To prevent this problem, use a color-safe shampoo, conditioner, and hair mask to help lock in color and keep your hair hydrated. You can also visit and consult your stylist for other color-safe hair care products. Moreover, remember that color-treated hair is more fragile and sensitive than natural hair. So, proper care is crucial in keeping it vibrant and healthy.
Damaged Hair is Repairable
Damaged hair is inevitable, especially as you constantly expose yourself to various environmental factors, such as the sun, wind, and pollution, and everyday activities like combing, brushing, styling, and blow drying.

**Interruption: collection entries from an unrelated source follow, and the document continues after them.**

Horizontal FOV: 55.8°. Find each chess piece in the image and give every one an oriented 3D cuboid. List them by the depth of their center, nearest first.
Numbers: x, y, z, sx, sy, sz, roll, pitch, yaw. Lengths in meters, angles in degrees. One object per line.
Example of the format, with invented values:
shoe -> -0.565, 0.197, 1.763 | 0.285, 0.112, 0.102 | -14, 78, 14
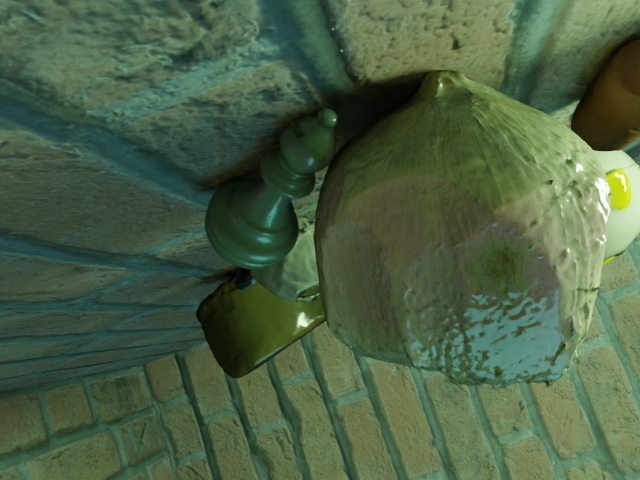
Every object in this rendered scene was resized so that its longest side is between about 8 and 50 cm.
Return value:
chess piece -> -0.052, -0.080, 0.804 | 0.139, 0.139, 0.271 | -12, 156, -37

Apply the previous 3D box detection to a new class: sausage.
sausage -> 0.500, -0.228, 1.002 | 0.121, 0.121, 0.304 | -21, 169, 7

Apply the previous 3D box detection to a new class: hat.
hat -> -0.058, 0.029, 1.270 | 0.232, 0.161, 0.275 | 0, -173, -22

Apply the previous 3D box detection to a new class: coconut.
coconut -> 0.181, -0.037, 0.804 | 0.405, 0.404, 0.404 | -19, 170, -4

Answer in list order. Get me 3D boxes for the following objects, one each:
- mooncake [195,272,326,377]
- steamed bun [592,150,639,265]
mooncake -> -0.157, 0.204, 1.689 | 0.393, 0.246, 0.394 | -24, 173, -27
steamed bun -> 0.570, -0.074, 1.430 | 0.374, 0.334, 0.334 | -31, 166, 30
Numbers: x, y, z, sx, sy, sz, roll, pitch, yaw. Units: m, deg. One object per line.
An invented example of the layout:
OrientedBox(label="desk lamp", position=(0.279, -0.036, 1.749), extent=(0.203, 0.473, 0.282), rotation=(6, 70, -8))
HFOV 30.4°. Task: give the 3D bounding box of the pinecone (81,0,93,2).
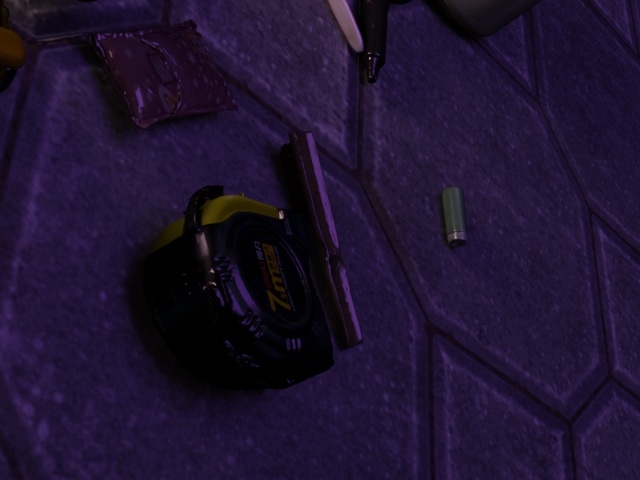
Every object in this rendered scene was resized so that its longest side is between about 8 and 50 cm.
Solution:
OrientedBox(label="pinecone", position=(-0.218, -0.325, 1.084), extent=(0.208, 0.208, 0.207), rotation=(33, 44, -39))

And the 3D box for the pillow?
OrientedBox(label="pillow", position=(-0.159, -0.168, 1.196), extent=(0.118, 0.043, 0.185), rotation=(61, 29, 6))

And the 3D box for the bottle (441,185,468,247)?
OrientedBox(label="bottle", position=(0.182, -0.032, 1.586), extent=(0.030, 0.030, 0.083), rotation=(29, 47, -42))

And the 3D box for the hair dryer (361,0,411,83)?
OrientedBox(label="hair dryer", position=(0.090, -0.312, 1.619), extent=(0.114, 0.070, 0.248), rotation=(31, 49, -40))

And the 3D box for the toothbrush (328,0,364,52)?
OrientedBox(label="toothbrush", position=(-0.011, -0.387, 1.561), extent=(0.029, 0.025, 0.307), rotation=(-20, 85, -49))

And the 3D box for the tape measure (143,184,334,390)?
OrientedBox(label="tape measure", position=(-0.082, 0.045, 1.100), extent=(0.186, 0.112, 0.199), rotation=(19, 48, -56))

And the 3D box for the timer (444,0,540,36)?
OrientedBox(label="timer", position=(0.330, -0.512, 1.828), extent=(0.291, 0.315, 0.291), rotation=(42, 36, -40))

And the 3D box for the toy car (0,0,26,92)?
OrientedBox(label="toy car", position=(-0.310, -0.216, 0.923), extent=(0.200, 0.142, 0.248), rotation=(10, 61, -51))

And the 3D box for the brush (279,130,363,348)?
OrientedBox(label="brush", position=(0.000, 0.000, 1.315), extent=(0.043, 0.036, 0.248), rotation=(-10, 84, -52))
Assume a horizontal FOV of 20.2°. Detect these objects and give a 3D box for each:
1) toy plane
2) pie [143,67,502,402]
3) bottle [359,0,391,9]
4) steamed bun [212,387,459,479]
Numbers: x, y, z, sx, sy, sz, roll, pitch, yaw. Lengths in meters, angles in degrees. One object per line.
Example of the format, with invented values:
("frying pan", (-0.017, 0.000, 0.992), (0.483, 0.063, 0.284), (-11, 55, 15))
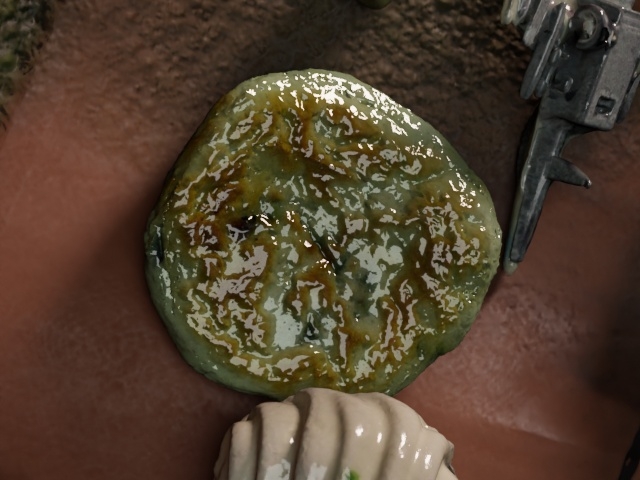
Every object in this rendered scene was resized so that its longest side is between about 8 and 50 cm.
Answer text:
("toy plane", (0.176, -0.099, 1.214), (0.192, 0.088, 0.262), (8, 94, -43))
("pie", (0.000, 0.000, 1.184), (0.240, 0.054, 0.241), (0, 92, -13))
("bottle", (0.058, -0.203, 1.197), (0.101, 0.047, 0.063), (-43, 92, -11))
("steamed bun", (0.003, 0.181, 1.131), (0.182, 0.106, 0.183), (9, 117, 19))
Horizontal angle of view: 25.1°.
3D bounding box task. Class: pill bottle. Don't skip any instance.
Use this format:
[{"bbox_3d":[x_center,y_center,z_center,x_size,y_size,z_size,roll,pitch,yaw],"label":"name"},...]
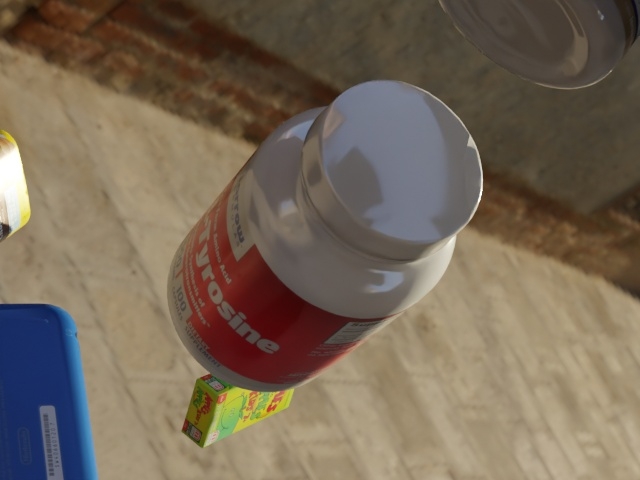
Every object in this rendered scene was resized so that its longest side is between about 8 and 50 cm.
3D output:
[{"bbox_3d":[0.000,0.000,1.519,0.229,0.408,0.229,10,64,-20],"label":"pill bottle"},{"bbox_3d":[0.208,-0.247,1.016,0.153,0.264,0.153,34,-21,14],"label":"pill bottle"}]

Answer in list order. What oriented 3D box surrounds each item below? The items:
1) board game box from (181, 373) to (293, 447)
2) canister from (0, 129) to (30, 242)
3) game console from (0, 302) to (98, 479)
[{"bbox_3d":[-0.105,0.211,1.982,0.043,0.092,0.181,34,32,28],"label":"board game box"},{"bbox_3d":[-0.379,-0.035,1.498,0.170,0.073,0.126,-50,138,-58],"label":"canister"},{"bbox_3d":[-0.309,0.209,1.105,0.250,0.173,0.293,0,48,-19],"label":"game console"}]
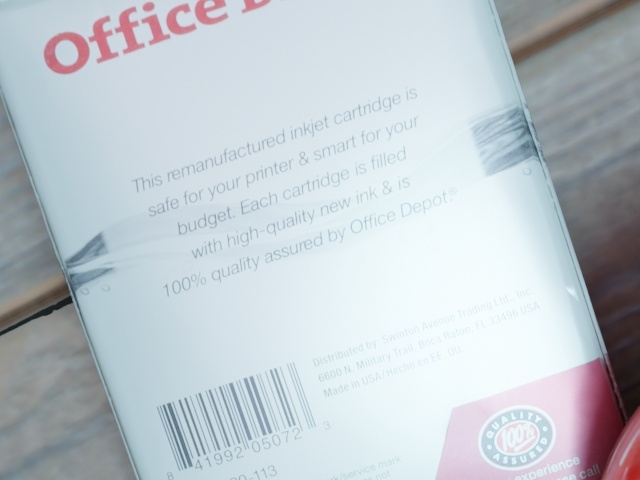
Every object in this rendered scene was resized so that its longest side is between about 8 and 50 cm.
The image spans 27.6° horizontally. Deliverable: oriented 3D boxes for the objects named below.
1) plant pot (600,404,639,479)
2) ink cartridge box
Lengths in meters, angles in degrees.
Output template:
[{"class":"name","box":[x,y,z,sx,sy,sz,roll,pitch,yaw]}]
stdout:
[{"class":"plant pot","box":[0.284,0.127,0.499,0.243,0.275,0.275,-16,96,-37]},{"class":"ink cartridge box","box":[0.000,0.000,0.585,0.207,0.117,0.283,-18,95,3]}]

However, no matter how inevitable, damaged hair is still repairable. In some cases, you might not even need to blow dry at all. Learning about the effects of blow drying, like the ones listed above, is a good first step to protecting your hair in the long run. Knowing your hair type and ideal style can also help determine whether blow drying is good for you.
Additionally, using the right products and treatments can help bring your hair back to its lucid and healthy condition. Staying away from the dryer once in a while and letting your locks naturally dry is another excellent way to fix your tresses. Occasionally avoiding heat styling can give your locks a chance to repair and strengthen themselves.
Taking care of your crowning glory can increase your confidence and self-esteem and give a good first impression wherever you go.